Appunti di preistoria e protostoria comensi
Articolo di Pietro Pensa, in Rivista Archeologica dell'Antica Provincia e Diocesi di Como, fasc. 173 (1991), pp. 133-140.
Quando si indaga il passato delle manifestazioni umane in un territorio vasto quale è quello del bacino dell'Adda, come sto facendo io, ci si rende conto che le ricerche di questi tempi sono avvenute si per opera di persone valide interessate ai problemi, ma senza rapporti di cooperazione tra i centri da cui le indagini irradiano, tra Como e Bergamo ad esempio. È accaduto così che gli uni si siano accaniti in ricerche che gli altri avevano portato a compimento: tipico è il caso di Parra e Barra, in cui il mutamento di una consonante condusse a grandi difficoltà.

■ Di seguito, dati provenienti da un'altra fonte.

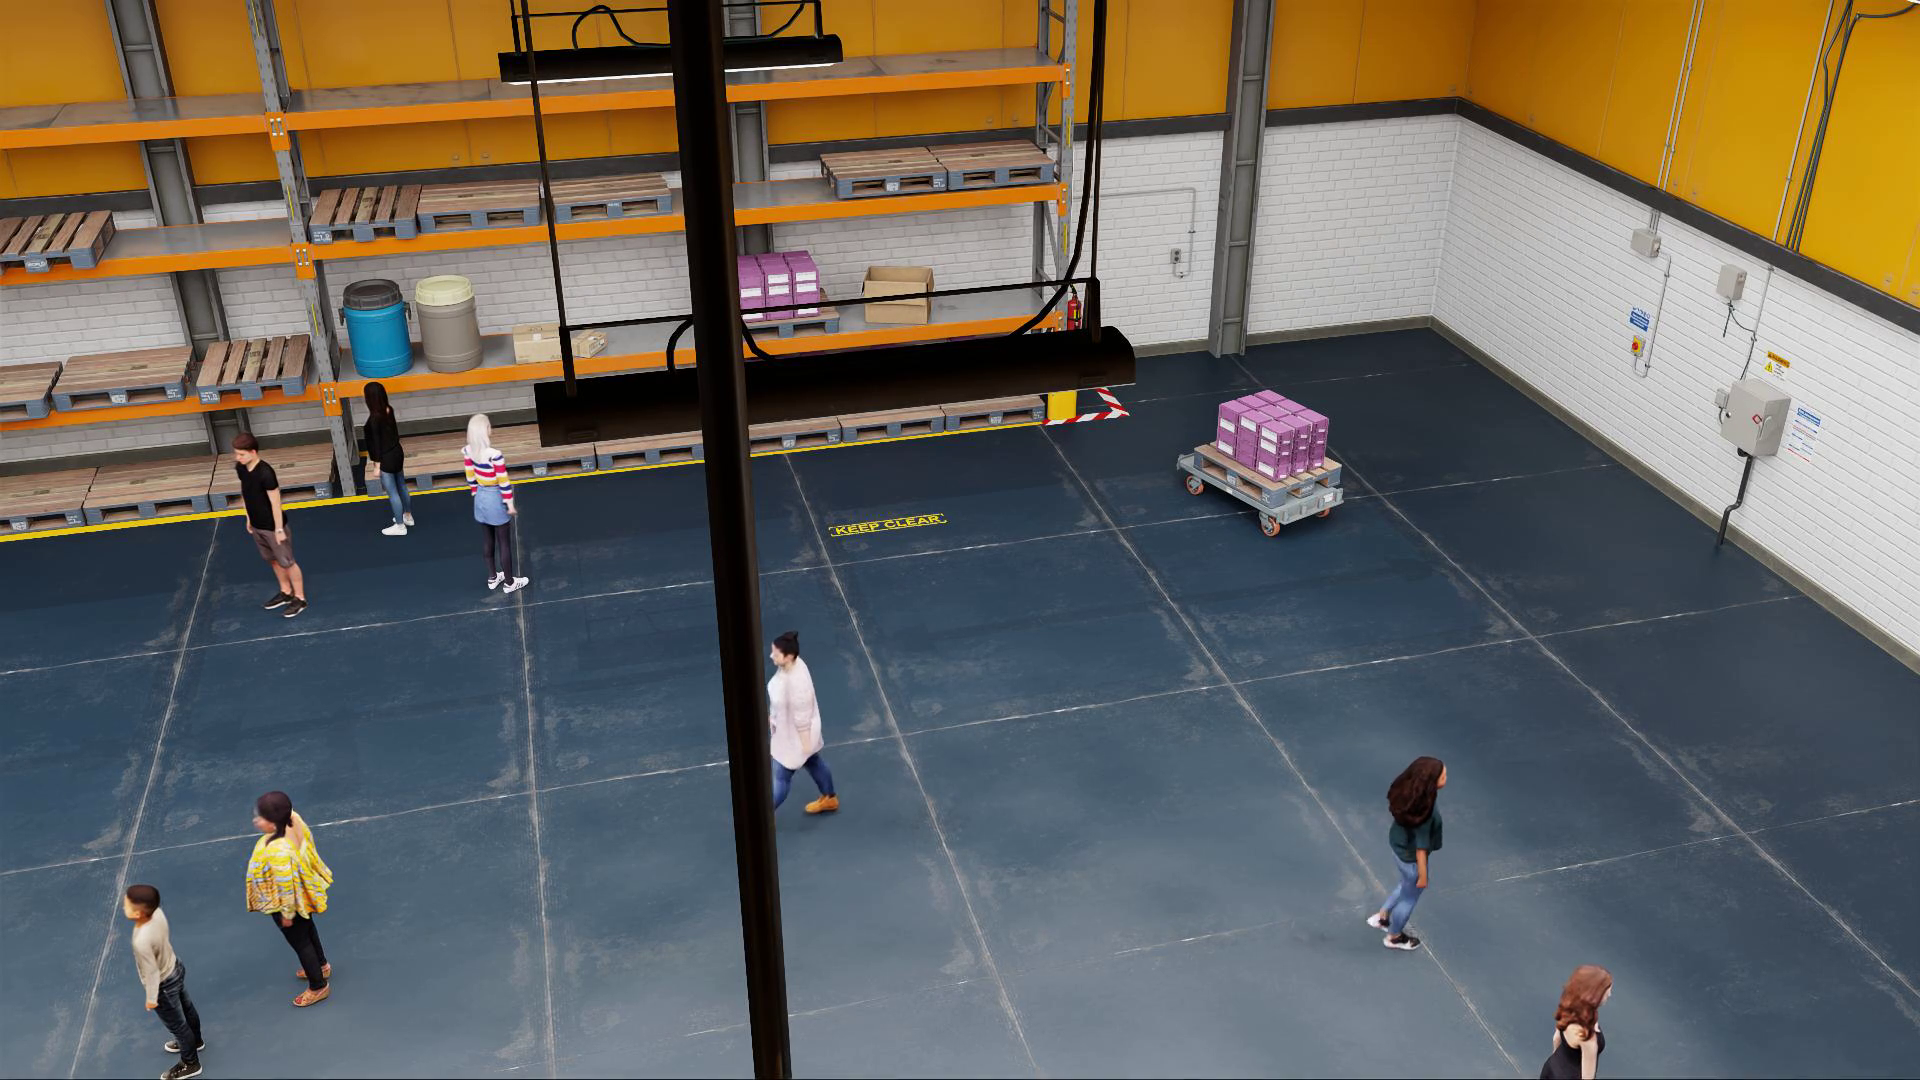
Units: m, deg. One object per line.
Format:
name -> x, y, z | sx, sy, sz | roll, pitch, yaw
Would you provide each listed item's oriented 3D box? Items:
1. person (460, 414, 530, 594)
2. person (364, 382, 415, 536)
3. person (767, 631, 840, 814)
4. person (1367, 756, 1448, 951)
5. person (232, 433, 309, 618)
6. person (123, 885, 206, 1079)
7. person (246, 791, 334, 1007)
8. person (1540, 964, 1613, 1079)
person -> -4.443, -0.352, 15.745 | 0.709, 1.810, 0.770 | 16, 32, 26
person -> -5.777, -0.839, 16.809 | 0.649, 1.646, 0.648 | 5, 29, 9
person -> -1.152, 1.422, 12.604 | 1.046, 1.704, 0.743 | -4, 29, -8
person -> 3.012, 2.152, 11.368 | 0.692, 1.605, 0.655 | -1, 29, -2
person -> -6.371, -0.168, 15.363 | 0.727, 1.853, 0.771 | 18, 33, 29
person -> -4.993, 2.743, 10.431 | 0.502, 1.465, 0.553 | -6, 29, -12
person -> -4.403, 2.343, 10.965 | 0.719, 1.656, 0.689 | -7, 29, -12
person -> 3.432, 3.110, 9.466 | 0.580, 1.745, 0.624 | -2, 29, -4

In questa esposizione protagonista è Plinio il Vecchio, eccelso divulgatore, che con la sua Naturalis Historia, ancor oggi fonte ineguagliabile di informazioni condizionò non solo l'antichità, ma il Medioevo. Scrisse Plinio: «Catone attesta che Como e Bergamo e Licini Forum e altri popoli attorno sono della stirpe degli Orumbovii, ma dice di ignorare l'origine di questa popolazione, che Cornelio Alessandro insegna esser derivata dalla Grecia, anche secondo l'interpretazione del nome, che spiega come 'popolazioni che conducono la vita tra i monti'. In questo luogo scomparve Parra, città degli Orumbovii, dai quali, dice Catone, sono derivati i Bergomati, e che ancora oggi appare un luogo più famoso che fortunato». Paolo Giovio, gran scrittore, ma spesso superficiale, scrisse a sua volta nel 1500 sul Larius, dedicato a Francesco Sfondrati, illustrando il territorio lecchese: «Sul versante Nord-Ovest del monte (Barro) si vedono i resti dell'antichissima città di Barra, vicino al paese di Galbiate. La scomparsa di Barra è ricordata da Plinio».
Quell'errore fu causa di un grosso equivoco che diede motivo a ricerche anche recentemente. Il monte Barro, che ad occidente dell'Adda si incunea verso la pianura padana, fu per la sua posizione strategica in tempi storici luogo di importanti episodi, ma negli scavi tuttora in corso si trovarono reperti romani e barbarici, mai, tuttavia, preistorici.
Ora, nei numerosi manoscritti della Naturalis historia, sparsi nelle grandi biblioteche europee, il nome Orobi appare in diverse forme: Orumbovii in quello maggiore del 1469, Orumobi in quello leidense, pure ritenuto tra i più antichi, Orumbivi od Orobii negli altri.
Nei codici, poi, è scritto Parla in uno, Para in tre, Parra negli altri.